Segment Start: INPUT DATA

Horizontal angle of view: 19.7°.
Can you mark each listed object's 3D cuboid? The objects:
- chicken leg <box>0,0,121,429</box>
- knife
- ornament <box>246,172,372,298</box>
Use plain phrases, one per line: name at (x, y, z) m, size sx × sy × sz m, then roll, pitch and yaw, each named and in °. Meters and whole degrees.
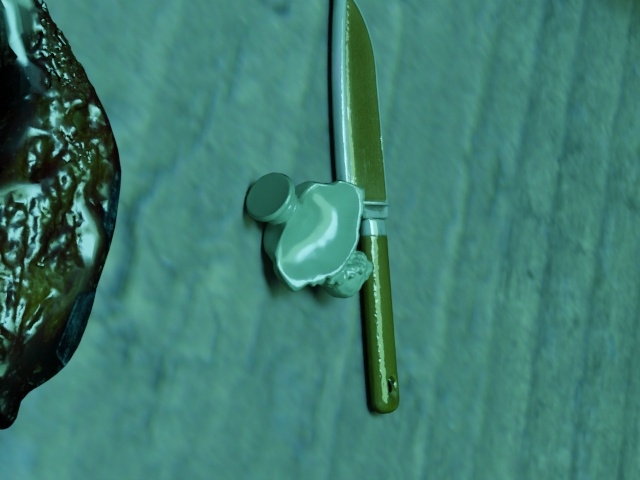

Segment End: INPUT DATA

● WHAT YOU SHOULD DO: Leave the pictures out and restate the listing word for word.

● ANSWER SPACE:
Horizontal angle of view: 19.7°.
Can you mark each listed object's 3D cuboid? The objects:
- chicken leg <box>0,0,121,429</box>
- knife
- ornament <box>246,172,372,298</box>
Use plain phrases, one per line: name at (x, y, z) m, size sx × sy × sz m, then roll, pitch and yaw, each named and in °. Meters and whole degrees.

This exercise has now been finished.